Source data
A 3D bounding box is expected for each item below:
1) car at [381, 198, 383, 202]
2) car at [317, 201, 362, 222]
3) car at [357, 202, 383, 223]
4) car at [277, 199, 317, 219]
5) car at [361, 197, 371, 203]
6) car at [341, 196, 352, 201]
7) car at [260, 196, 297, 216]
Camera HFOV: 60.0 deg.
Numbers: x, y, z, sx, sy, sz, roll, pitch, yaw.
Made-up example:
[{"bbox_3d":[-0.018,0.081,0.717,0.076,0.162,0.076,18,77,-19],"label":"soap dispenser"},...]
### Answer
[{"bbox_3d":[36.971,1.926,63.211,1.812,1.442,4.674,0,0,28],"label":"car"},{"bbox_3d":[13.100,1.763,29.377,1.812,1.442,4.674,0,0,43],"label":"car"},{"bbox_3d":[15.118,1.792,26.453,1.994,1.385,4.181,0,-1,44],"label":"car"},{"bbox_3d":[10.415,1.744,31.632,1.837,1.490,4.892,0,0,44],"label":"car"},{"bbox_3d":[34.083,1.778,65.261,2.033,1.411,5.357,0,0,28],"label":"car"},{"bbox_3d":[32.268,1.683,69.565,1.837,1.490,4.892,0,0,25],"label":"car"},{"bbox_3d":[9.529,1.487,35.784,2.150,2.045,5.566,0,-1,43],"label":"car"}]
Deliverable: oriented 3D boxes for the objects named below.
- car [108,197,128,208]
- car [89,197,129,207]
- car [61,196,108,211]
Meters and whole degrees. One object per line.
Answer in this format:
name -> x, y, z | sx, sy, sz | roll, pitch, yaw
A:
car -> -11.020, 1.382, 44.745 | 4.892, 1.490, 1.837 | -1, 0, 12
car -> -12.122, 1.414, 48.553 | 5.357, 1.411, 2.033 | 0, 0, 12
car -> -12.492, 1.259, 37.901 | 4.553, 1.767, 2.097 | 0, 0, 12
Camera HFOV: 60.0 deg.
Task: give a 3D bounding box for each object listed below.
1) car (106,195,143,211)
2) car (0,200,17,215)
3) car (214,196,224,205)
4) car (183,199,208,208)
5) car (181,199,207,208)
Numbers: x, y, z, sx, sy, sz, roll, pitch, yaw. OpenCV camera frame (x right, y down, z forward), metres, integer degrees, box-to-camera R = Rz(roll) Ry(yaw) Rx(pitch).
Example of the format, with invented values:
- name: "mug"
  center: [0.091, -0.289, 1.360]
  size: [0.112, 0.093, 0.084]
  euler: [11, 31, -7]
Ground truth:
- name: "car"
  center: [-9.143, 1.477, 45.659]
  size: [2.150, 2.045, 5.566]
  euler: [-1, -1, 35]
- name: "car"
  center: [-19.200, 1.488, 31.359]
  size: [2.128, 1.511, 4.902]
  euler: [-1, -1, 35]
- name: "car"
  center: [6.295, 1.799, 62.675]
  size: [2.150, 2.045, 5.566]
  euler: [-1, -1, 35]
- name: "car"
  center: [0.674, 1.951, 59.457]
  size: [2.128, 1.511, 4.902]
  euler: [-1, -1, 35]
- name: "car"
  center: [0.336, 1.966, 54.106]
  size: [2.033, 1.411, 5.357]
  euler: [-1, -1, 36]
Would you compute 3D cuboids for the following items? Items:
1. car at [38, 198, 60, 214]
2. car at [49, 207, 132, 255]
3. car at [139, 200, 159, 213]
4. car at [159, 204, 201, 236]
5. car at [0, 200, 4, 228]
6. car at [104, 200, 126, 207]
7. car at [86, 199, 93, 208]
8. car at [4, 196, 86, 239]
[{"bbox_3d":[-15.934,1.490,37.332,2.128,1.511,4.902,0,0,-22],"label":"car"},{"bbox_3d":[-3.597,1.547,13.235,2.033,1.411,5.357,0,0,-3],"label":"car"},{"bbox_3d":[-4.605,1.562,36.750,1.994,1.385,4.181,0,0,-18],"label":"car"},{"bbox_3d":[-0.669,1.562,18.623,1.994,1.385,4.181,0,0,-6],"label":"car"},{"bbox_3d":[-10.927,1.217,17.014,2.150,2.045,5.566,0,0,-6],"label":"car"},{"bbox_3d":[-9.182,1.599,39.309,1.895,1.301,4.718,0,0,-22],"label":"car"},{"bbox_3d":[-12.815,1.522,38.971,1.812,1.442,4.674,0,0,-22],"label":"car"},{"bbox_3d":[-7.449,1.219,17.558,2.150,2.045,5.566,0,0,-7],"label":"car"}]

Exercise prompt: The output should be exactly the lines above from the line containing "Meters and whole" to the line containing "7. car at [86, 199, 93, 208]", inclusive, with no other lines.

Response to the task:
Meters and whole degrees. One object per line.
Answer in this format:
name -> x, y, z | sx, sy, sz | roll, pitch, yaw
A:
car -> -11.020, 1.382, 44.745 | 4.892, 1.490, 1.837 | -1, 0, 12
car -> -12.122, 1.414, 48.553 | 5.357, 1.411, 2.033 | 0, 0, 12
car -> -12.492, 1.259, 37.901 | 4.553, 1.767, 2.097 | 0, 0, 12
Camera HFOV: 60.0 deg.
Task: give a 3D bounding box for each object listed below.
1) car (106,195,143,211)
2) car (0,200,17,215)
3) car (214,196,224,205)
4) car (183,199,208,208)
5) car (181,199,207,208)
Numbers: x, y, z, sx, sy, sz, roll, pitch, yaw. OpenCV camera frame (x right, y down, z forward), metres, integer degrees, box-to-camera R = Rz(roll) Ry(yaw) Rx(pitch).
Example of the format, with invented values:
- name: "mug"
  center: [0.091, -0.289, 1.360]
  size: [0.112, 0.093, 0.084]
  euler: [11, 31, -7]
Ground truth:
- name: "car"
  center: [-9.143, 1.477, 45.659]
  size: [2.150, 2.045, 5.566]
  euler: [-1, -1, 35]
- name: "car"
  center: [-19.200, 1.488, 31.359]
  size: [2.128, 1.511, 4.902]
  euler: [-1, -1, 35]
- name: "car"
  center: [6.295, 1.799, 62.675]
  size: [2.150, 2.045, 5.566]
  euler: [-1, -1, 35]
- name: "car"
  center: [0.674, 1.951, 59.457]
  size: [2.128, 1.511, 4.902]
  euler: [-1, -1, 35]
- name: "car"
  center: [0.336, 1.966, 54.106]
  size: [2.033, 1.411, 5.357]
  euler: [-1, -1, 36]
Would you compute 3D cuboids for the following items? Items:
1. car at [38, 198, 60, 214]
2. car at [49, 207, 132, 255]
3. car at [139, 200, 159, 213]
4. car at [159, 204, 201, 236]
5. car at [0, 200, 4, 228]
6. car at [104, 200, 126, 207]
7. car at [86, 199, 93, 208]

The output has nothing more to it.